La soprano Monique Pagé: de l’importance de la vulnérabilité

  • Forum
  • Le 19 septembre 2017

  • Marilou Garon
Monique Pagé

Monique Pagé

Crédit : Amélie Philibert

En 5 secondes

La soprano lyrique Monique Pagé se joint à l’équipe de professeurs de chant de la Faculté de musique.

La soprano lyrique Monique Pagé a un faible pour Mozart. «Il nous force à être solidement vulnérable, si je puis dire! Sa musique exige à la fois une technique infaillible et une capacité à se mettre à nu.»

Elle a chanté son compositeur fétiche, et plusieurs autres, dans des rôles de premier plan sur toutes les scènes opératiques du pays, mais aussi en France, en Russie, en Grèce, au Liban et en Turquie. Cette foisonnante carrière scénique ne l’a jamais empêchée d’enseigner, un acte qui renforce son art. «Enseigner, c’est également apprendre. Les questions des étudiants nous poussent à réfléchir pour expliquer des choses qui sont devenues quelque peu automatiques avec l’expérience.»

Ravie d’enseigner, donc, et de se trouver dans le milieu universitaire, autant pour ses exigences plus poussées que pour l’équipe du secteur chant de la Faculté de musique.

«Il y a ici une véritable dynamique d’équipe. Il arrive par exemple que des professeurs de chant enseignent en tandem et se consultent sur le parcours d’un étudiant, question d’obtenir le regard de l’autre. C’est une pratique rare qui témoigne de la confiance mutuelle entre les professeurs.»

Contrairement à l’enseignement de la plupart des disciplines universitaires, celui d’un instrument se fait au moyen de cours individuels. Lors de ces moments privilégiés, Monique Pagé fait en sorte que l’étudiant ait l’impression d’être la personne la plus importante. «Je veux que l’étudiant se sente en sécurité.

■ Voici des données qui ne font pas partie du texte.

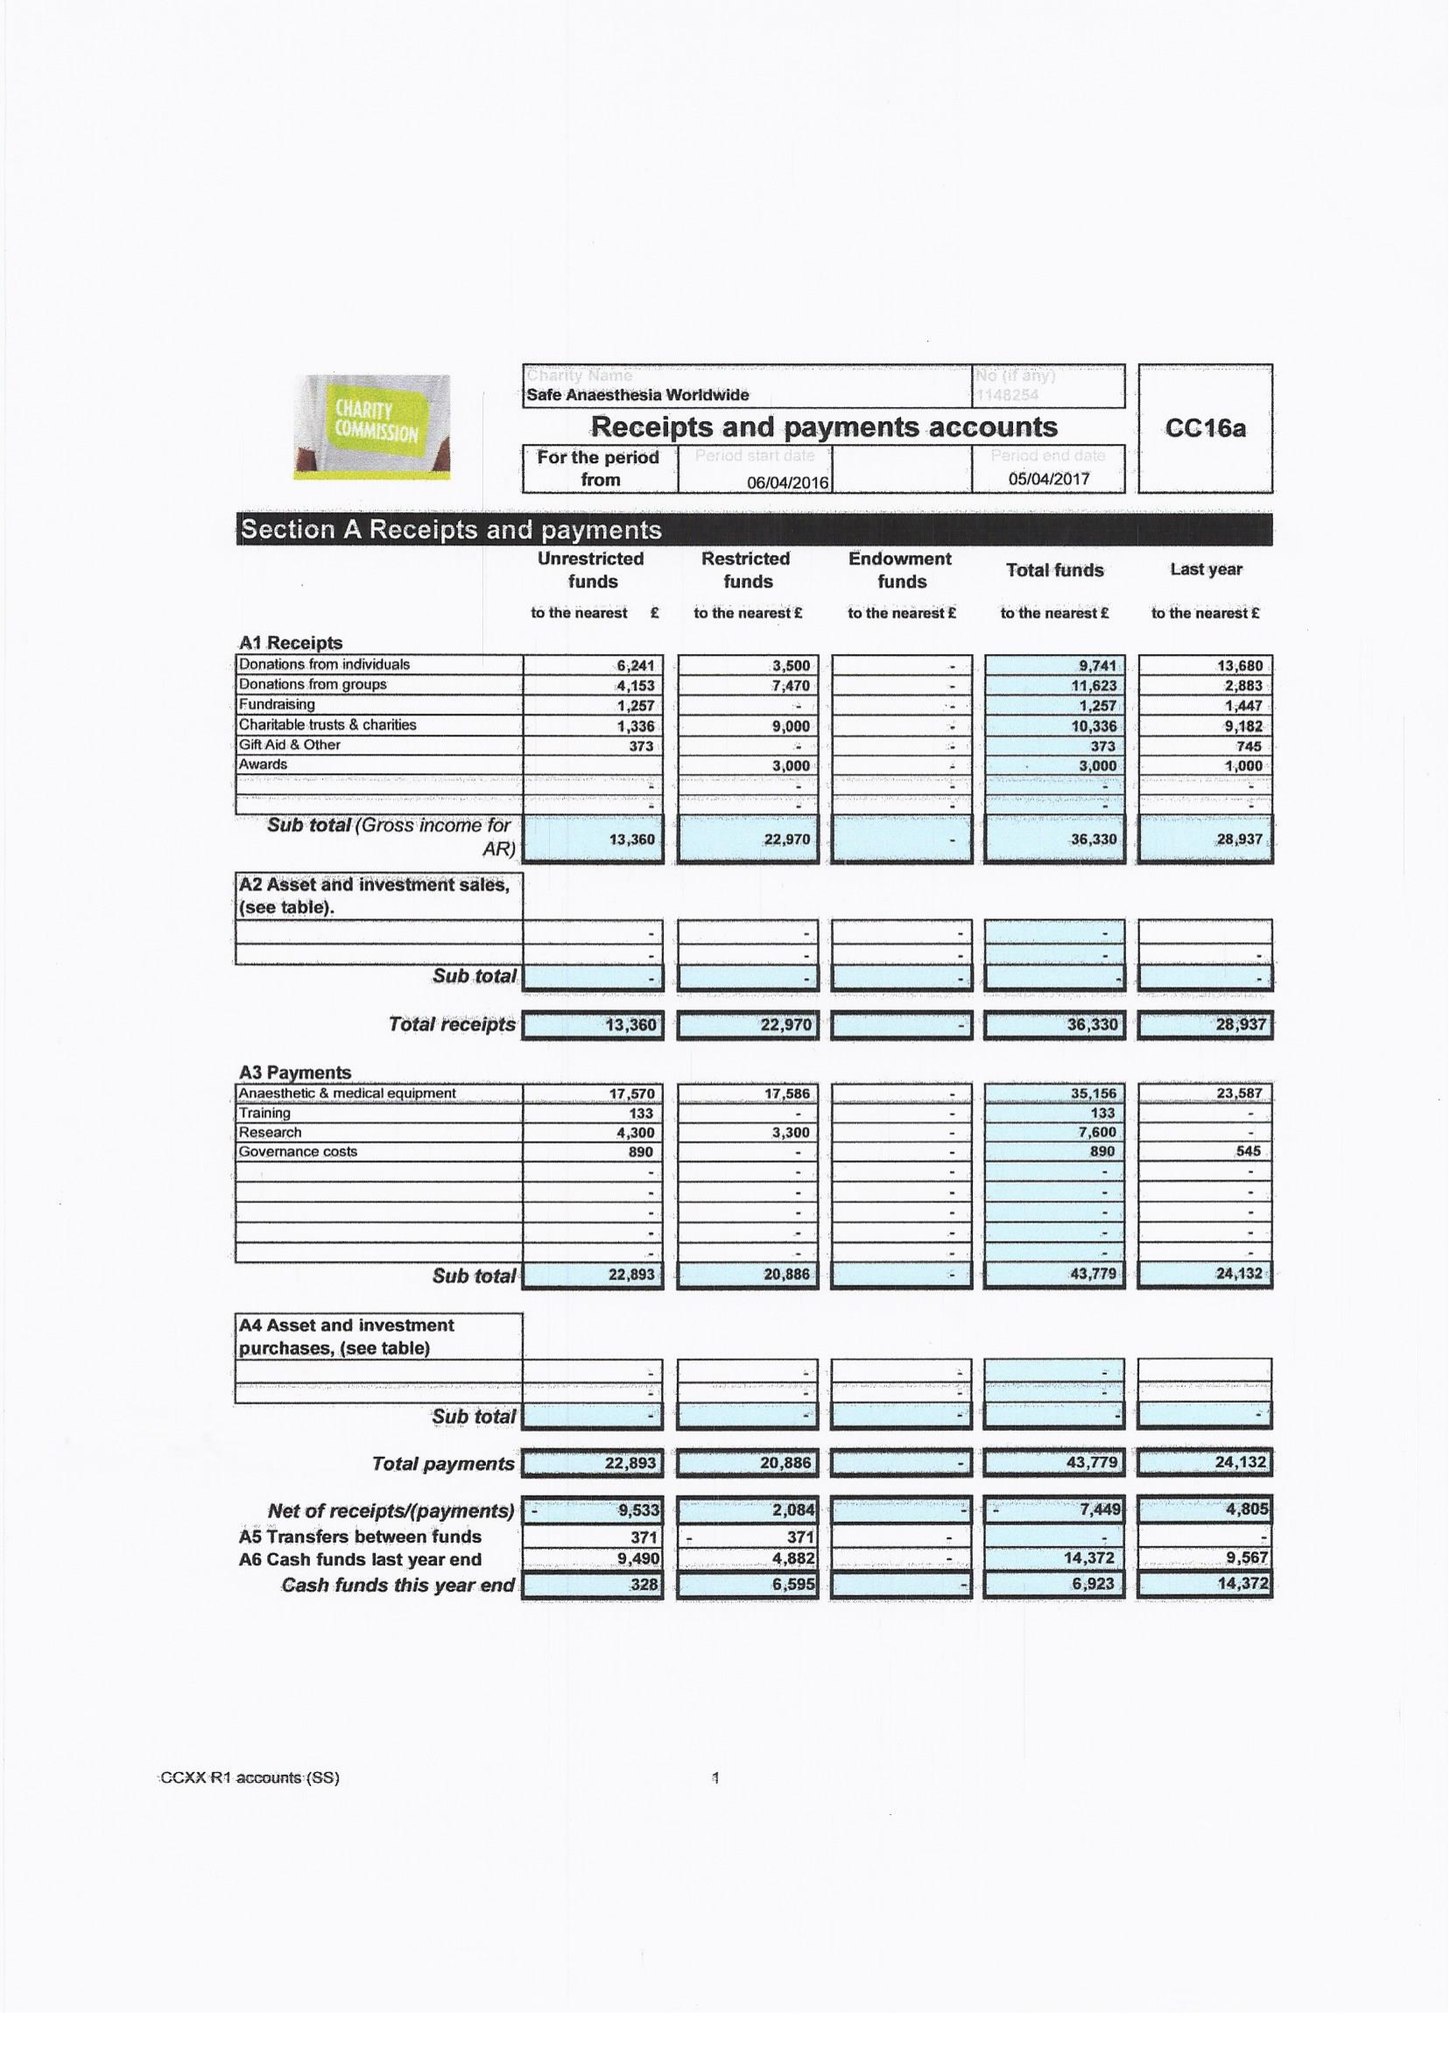What is the value for the report_date?
Answer the question using a single word or phrase. 2017-04-05

Il doit y avoir de l’espace pour prendre des risques et se tromper. Si je ne lui permets pas de faire des erreurs, comment puis-je l’aider?» demande-t-elle.

La possibilité d’entreprendre des travaux de recherche fait également partie de ce qui enchante la soprano dans son nouveau rôle. «Je remarque chez les jeunes musiciens une grande difficulté à gérer le stress à l’approche des examens et des concerts. Comment peut-on leur donner plus de ressources à cet égard? Je crois qu’il y a là matière à de réels travaux de recherche, idéalement interdisciplinaires, où interviendraient la psychologie et les neurosciences.»

L’enseignement universitaire ne signifie pas pour Monique Pagé qu’elle délaissera la scène pour autant; elle se prépare en vue d’un récital de musique française et de lieds en novembre auquel assisteront sans doute plusieurs de ses étudiants. «Chanter devant ses étudiants est l’une des choses les plus difficiles, on doit incarner tout ce qu’on professe! s’exclame-t-elle. En même temps, c’est important pour eux de voir que, moi aussi, je peux être vulnérable.»